What is Account Planning and What It's Not

To begin, it's important to lay out what is account planning and what it is not.

So what is account planning?

  • A success plan for the sales rep that aligns their assigned account(s), their quota and their commission plan.
  • A structured, repeatable methodology for analyzing an account or set of assigned accounts, developing a deeper understanding and identifying new opportunities. 
  • An executable plan that aligns functional groups (sales, marketing, customer success, partners, etc.), with deliverables, commitments and measurable outcomes.
  • A process by which plans are developed, reviewed and updated regularly.

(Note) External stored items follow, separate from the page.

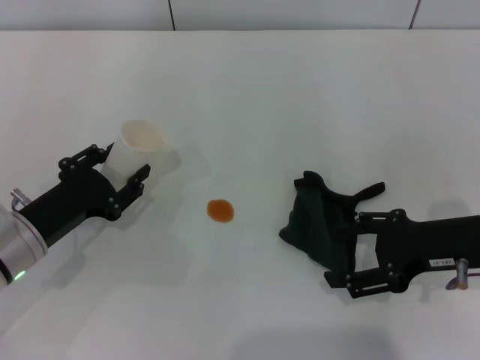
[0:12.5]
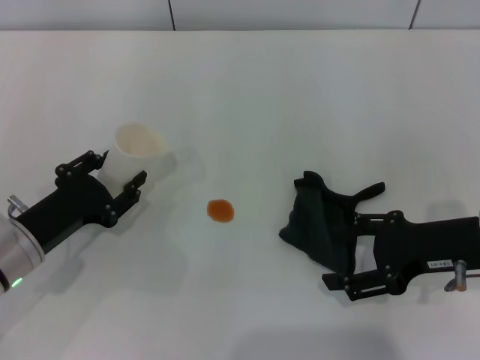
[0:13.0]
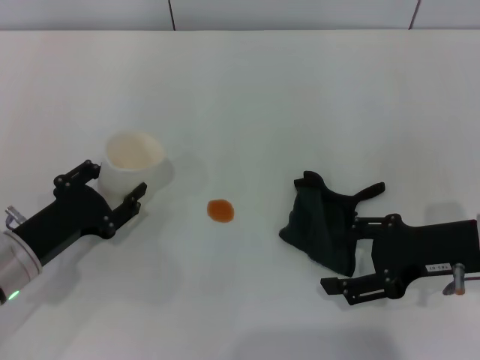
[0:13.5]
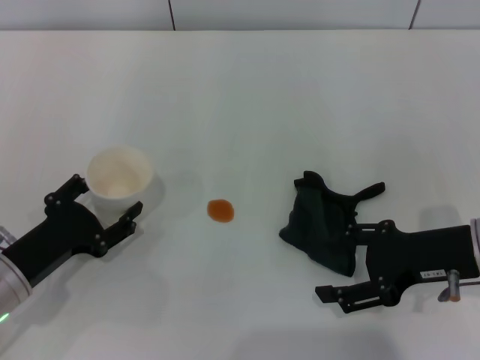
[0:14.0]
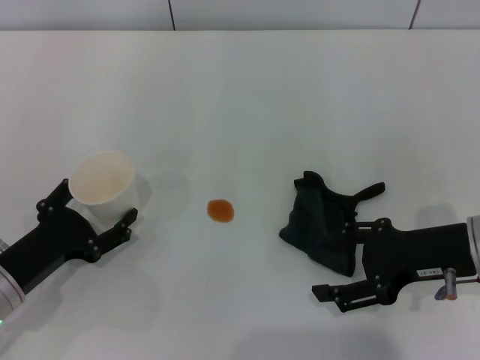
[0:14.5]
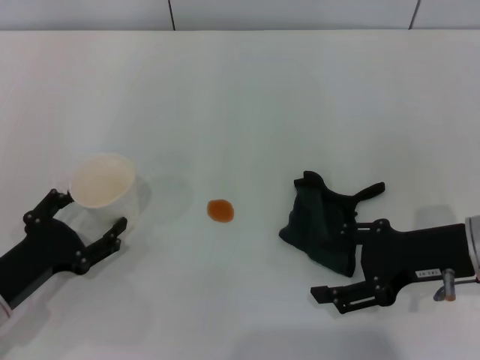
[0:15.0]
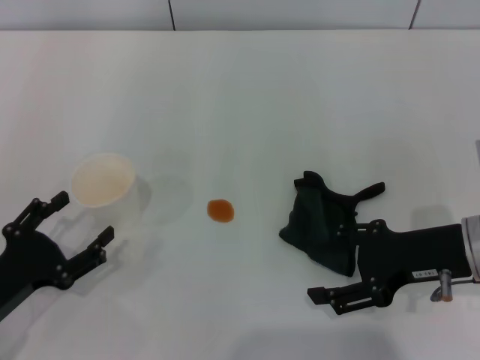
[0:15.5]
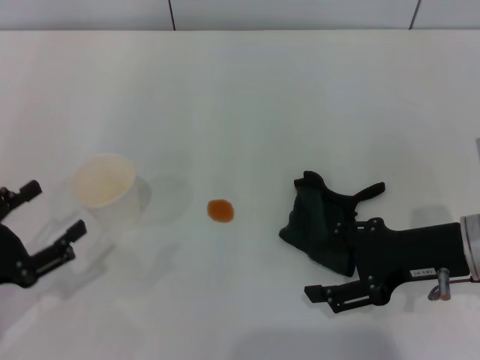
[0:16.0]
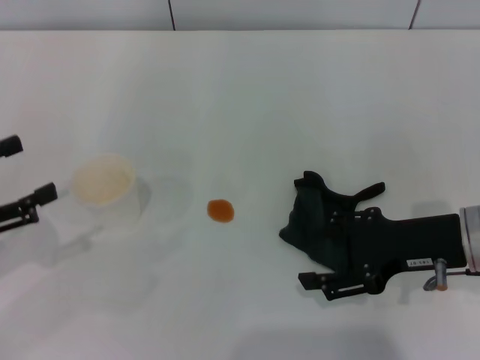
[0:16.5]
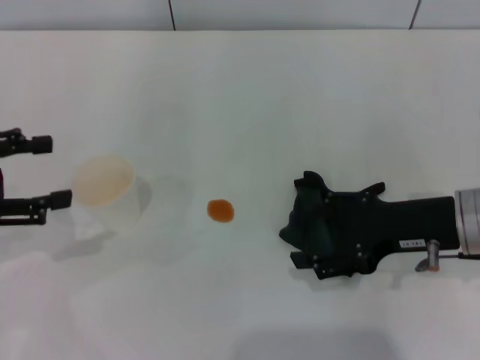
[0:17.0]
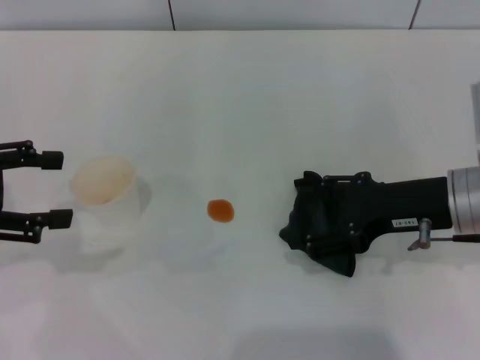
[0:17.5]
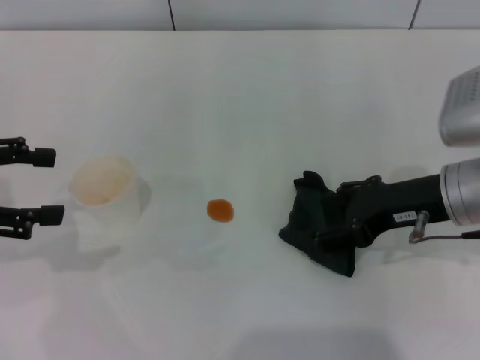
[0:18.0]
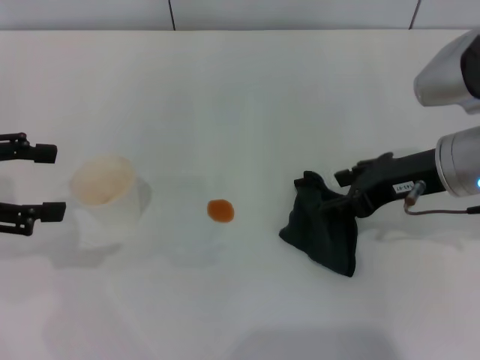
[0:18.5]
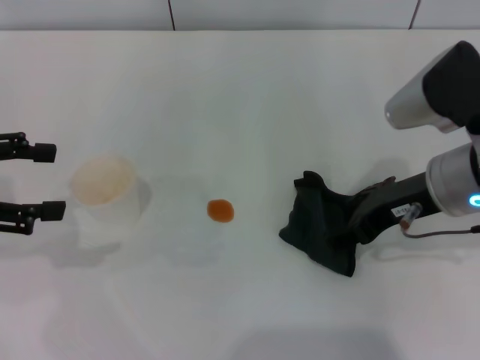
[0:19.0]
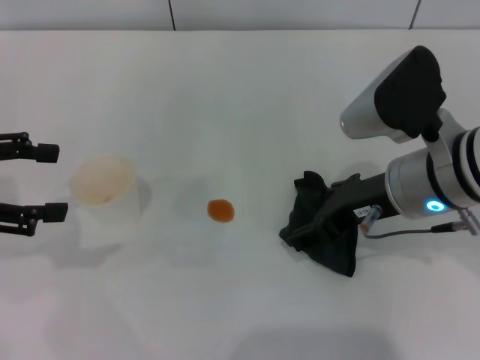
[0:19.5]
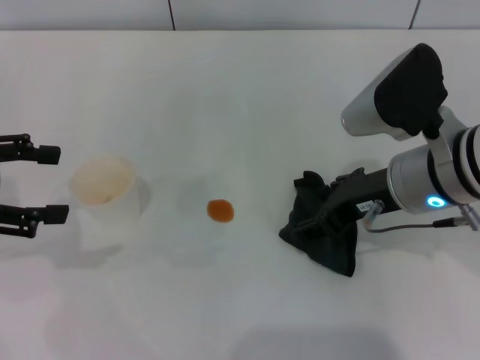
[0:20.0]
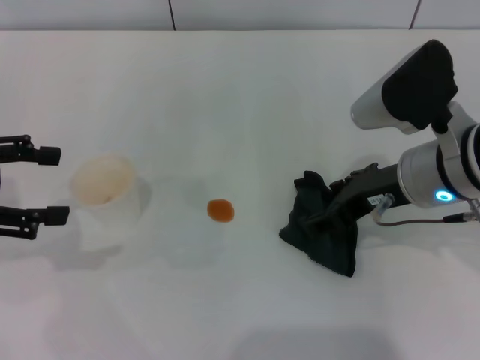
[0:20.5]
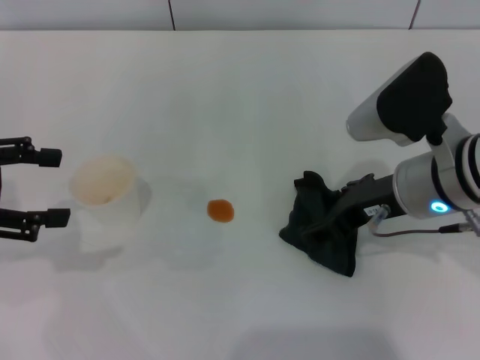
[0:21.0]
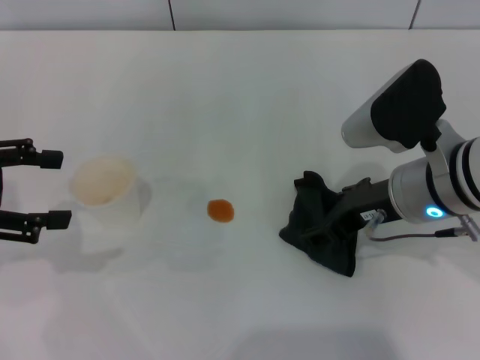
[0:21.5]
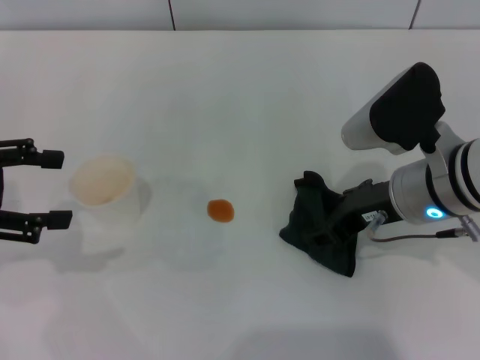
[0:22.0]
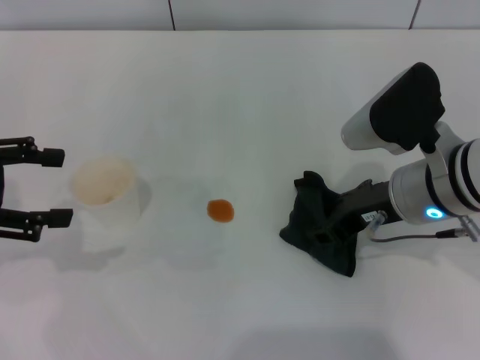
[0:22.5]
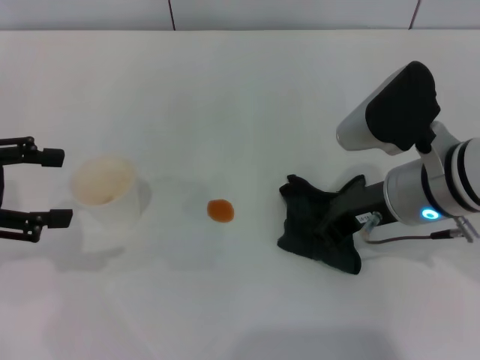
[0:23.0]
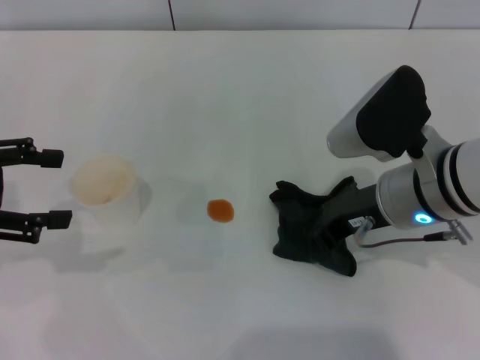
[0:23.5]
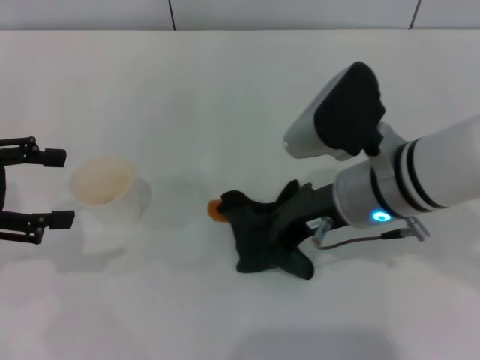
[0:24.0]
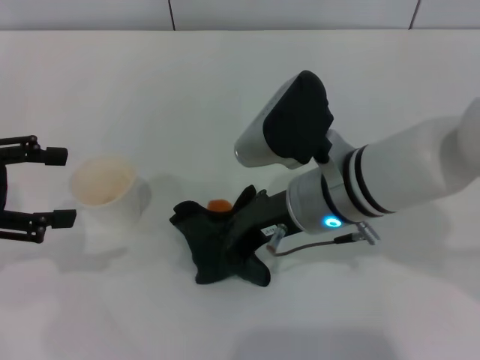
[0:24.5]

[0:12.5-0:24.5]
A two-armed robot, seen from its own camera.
Step, 0:12.5 to 0:15.0: Stand the paper cup upright with the left gripper.
Step, 0:15.5 to 0:22.0: Grasp the rag with the right gripper.
0:12.5 to 0:14.5: The left gripper shifts by about 5 cm, and opens its fingers.
0:14.5 to 0:16.5: The left gripper heads upward and to the left, covering approximately 15 cm.
0:16.5 to 0:18.5: The left gripper heads upward and forward, covering some 10 cm. Meanwhile the right gripper changes place by about 5 cm.
0:18.5 to 0:20.5: There are only small adjustments of the grippers.
0:20.5 to 0:22.5: The right gripper closes up.
0:22.5 to 0:24.5: The right gripper travels to the left by roughly 10 cm, and closes up.

What account planning is not?

  • More paperwork for the rep 
  • An exercise in quota setting
  • A once-a-year event (e.g. check the box exercise)

Building an Account Planning Process

It's absolutely critical that you build an account planning program, once that gets executive buy-in and is communicated clearly across the organization. It should help inform and help reps plan, it shouldn't be an exercise that is done and forgotten about. Building an account planning program should look like this:

Organizational Alignment:

  • Shared goals
  • Executive engagement and buy-in
  • Resource commitment

Planning Methodology:

  • Multiple plan types (strategic, named, territory)
  • Tailored to your business model
  • Multiple learning modalities
  • First-line sales manager learning

Planning Process:

  • Prepare
  • Build
  • Review/commit
  • Execute
  • Measure
  • Adjust

Metrics and Reporting:

  • Near-term: Activity
  • Mid-term: Output
  • Long-term: Impact

Technology:

  • No double data entry
  • Integrate with SFA
  • Collaborate and reinforce

Executing the Plan

When thinking about account planning, here are some things to think about when executing the plan.

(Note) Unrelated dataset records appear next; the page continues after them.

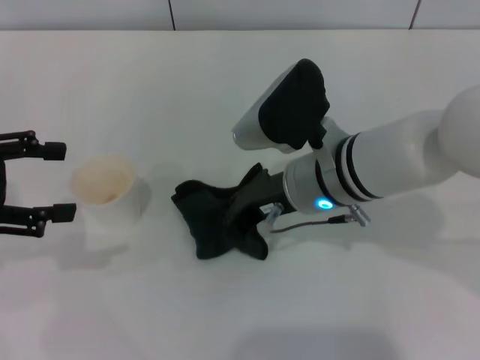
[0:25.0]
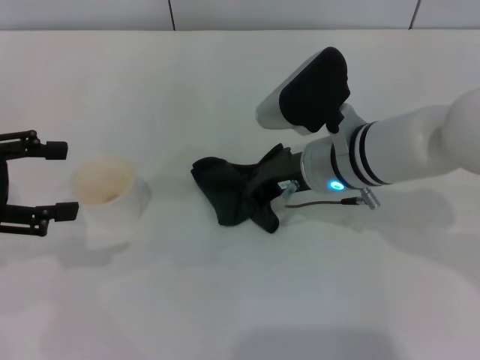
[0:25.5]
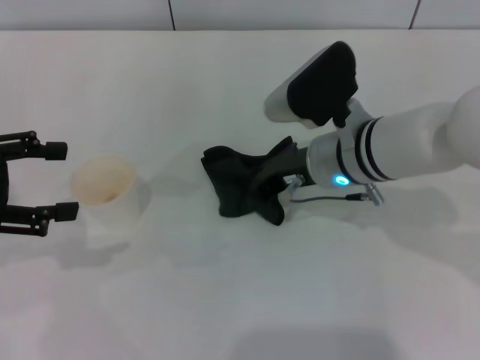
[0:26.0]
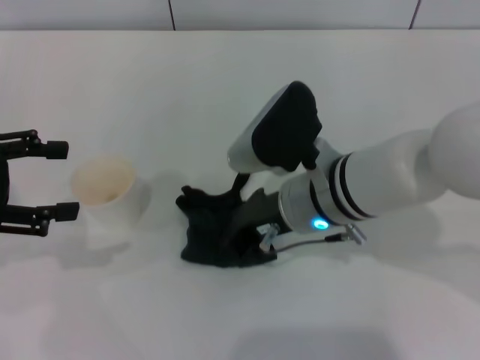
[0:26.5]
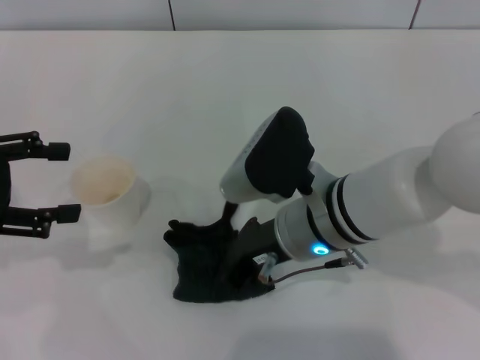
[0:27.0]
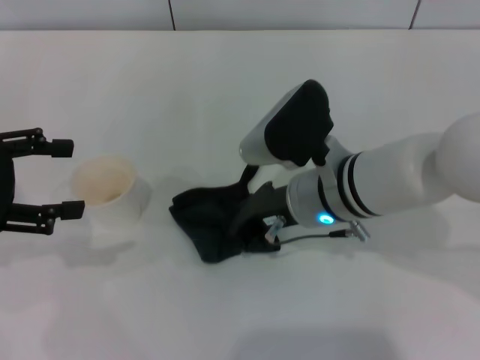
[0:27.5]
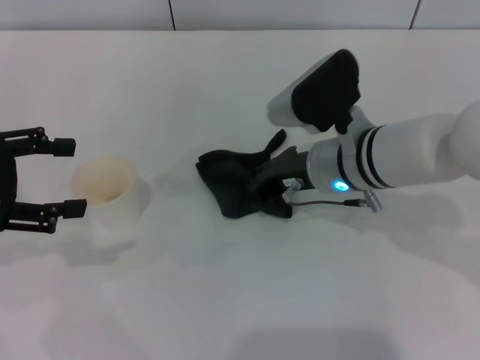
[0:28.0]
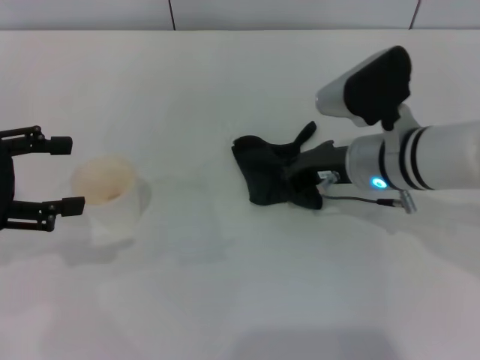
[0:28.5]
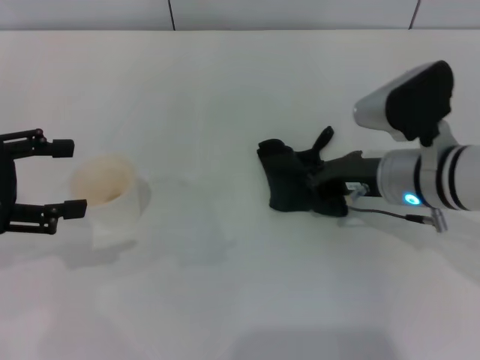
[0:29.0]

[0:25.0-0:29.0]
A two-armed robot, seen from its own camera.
Step, 0:25.0 to 0:28.0: Wipe the stains off the table with the right gripper.
0:25.0 to 0:27.0: There are only small adjustments of the grippers.
0:27.0 to 0:29.0: The right gripper heads to the right, covering roughly 10 cm.

  1. Determine the accounts that require account planning. Develop criteria for which accounts need an account plan.
  2. Discover the needs of those accounts. Here are some questions to ask.
    1. What are the goals of this client?
    2. What do they value the most?
    3. Who is involved in the buying decision process?
    4. What are their current plans to achieve goals?
    5. What KPIs do they measure?
  3. Create actionable steps. Varies by account but could include:
    1. Perform an account and risk analysis
    2. Short-term steps (e.g., getting them to renew with you)
    3. Long-term steps (e.g., long-term client growth)
  4. Execute the account plan. Identify actionable next steps for accounts based on risk analysis from 1st and 3rd party data.

Data and Insights that Inform Account Planning

To inform your account planning process, it is becoming increasingly important to have a tool that helps inform your sales planning process. At BoostUp, we leverage 1st and 3rd party data to inform our account planning, in terms of which accounts to focus on.

  1. Capture all engagement between the buyer and seller and from that provide a risk score based on that engagement, lack of engagement and the sentiment and context of that engagement.
  2. Capture all website activity engagement to help get a better understanding of the account strength.
  3. Capture all activity on G2, from ZoomInfo Intent and from our account-based marketing or ABX platform.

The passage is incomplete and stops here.